- Occupation: Professor

= Alexis Redding =

American author and professor

Alexis Redding is a developmental psychologist and lecturer at the Harvard Graduate School of Education (HGSE), where she serves as the Faculty Co-Chair of the Higher Education Concentration. Her work focuses on supporting young adults during their college years and the transition to the workforce, integrating psychology, education, and ethnography to capture the nuances of young adult development.

== Personal life ==

Redding earned her A.B. from Harvard College, followed by an Ed.M. in Human Development and Psychology from the Harvard Graduate School of Education. She received her Ed.D. in Human Development and Education at Harvard Graduate School of Education where she was a Presidential Scholar. Additionally, she holds a Graduate Certificate in College Counseling from UCLA.

In 2024, Redding married author Dorie Clark.

== Career ==

Redding's research explores student identity development, moral identity, and ethical reasoning skills. She has investigated achievement culture in high schools, fraud in college admissions, and academic dishonesty in high-stakes educational environments. Her work has informed the design of the Harvard College Honor Code and revisions to ethical guidelines in college admissions.

At HGSE, Redding teaches courses in youth development, higher education organizations, and research methods. In 2023, she received the Morningstar Family Teaching Award, recognizing outstanding impact on students and the Harvard community.
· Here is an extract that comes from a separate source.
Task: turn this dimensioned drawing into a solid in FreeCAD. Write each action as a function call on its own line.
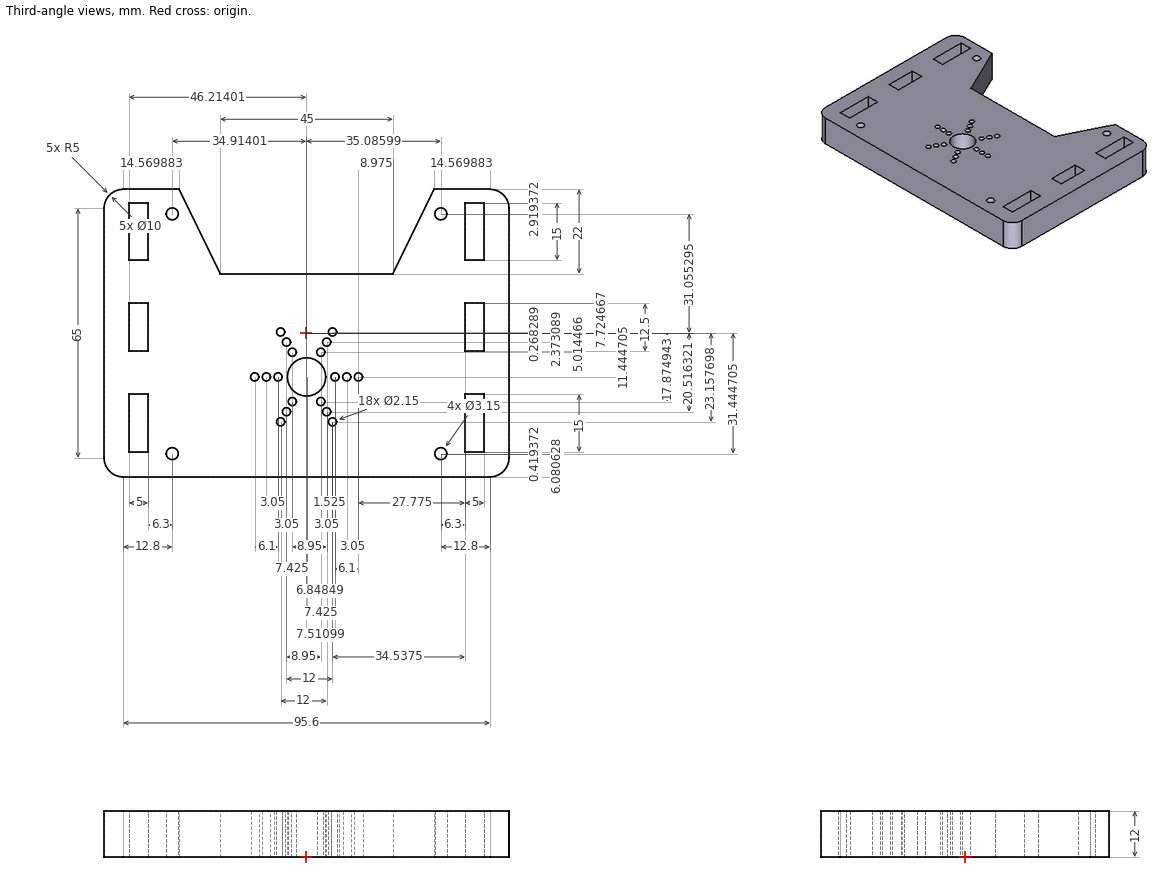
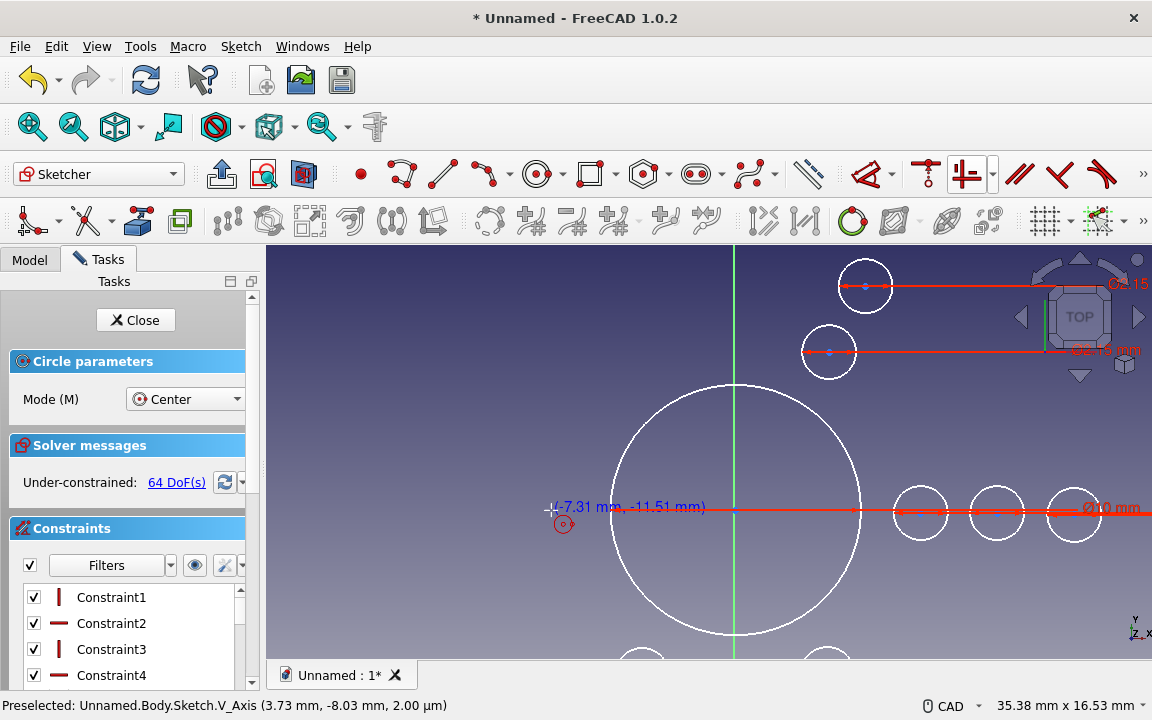
scroll(626, 488, down, 10)

Redding is co-author (with Nancy E. Hill) of The End of Adolescence: The Lost Art of Delaying Adulthood, which focuses on the transition to adulthood and the historical precedence and rationale for extending the time to adulthood. They have also shared this work in the American Psychological Association's APA Handbook of Pediatric Psychology, Developmental-Behavioral Pediatrics, and Developmental Science and in several pieces published by The Atlantic .

Her newest book, *Mental Health in College: What Research Tells Us About Supporting Students* will be released by Harvard Education Press in April 2026.

== Publications ==

- Redding, A. (2025). Mental Health in College: What Research Tells Us About Supporting College Students. Harvard Education Press.
- Hill, N.E. & Redding, A. Chapter 16: Unpacking extended adolescence: Ecological contexts, relationships, and pathways to adulthood. In Bornstein, M.H. & Shah, P.E. (2025). APA Handbook of Pediatric Psychology, Developmental-Behavioral Pediatrics, and Developmental Science. Washington, DC: American Psychological Association Publishers.
- Hill, N. E., & Redding, A. (2021). The End of Adolescence: The Lost Art of Delaying Adulthood. Harvard University Press.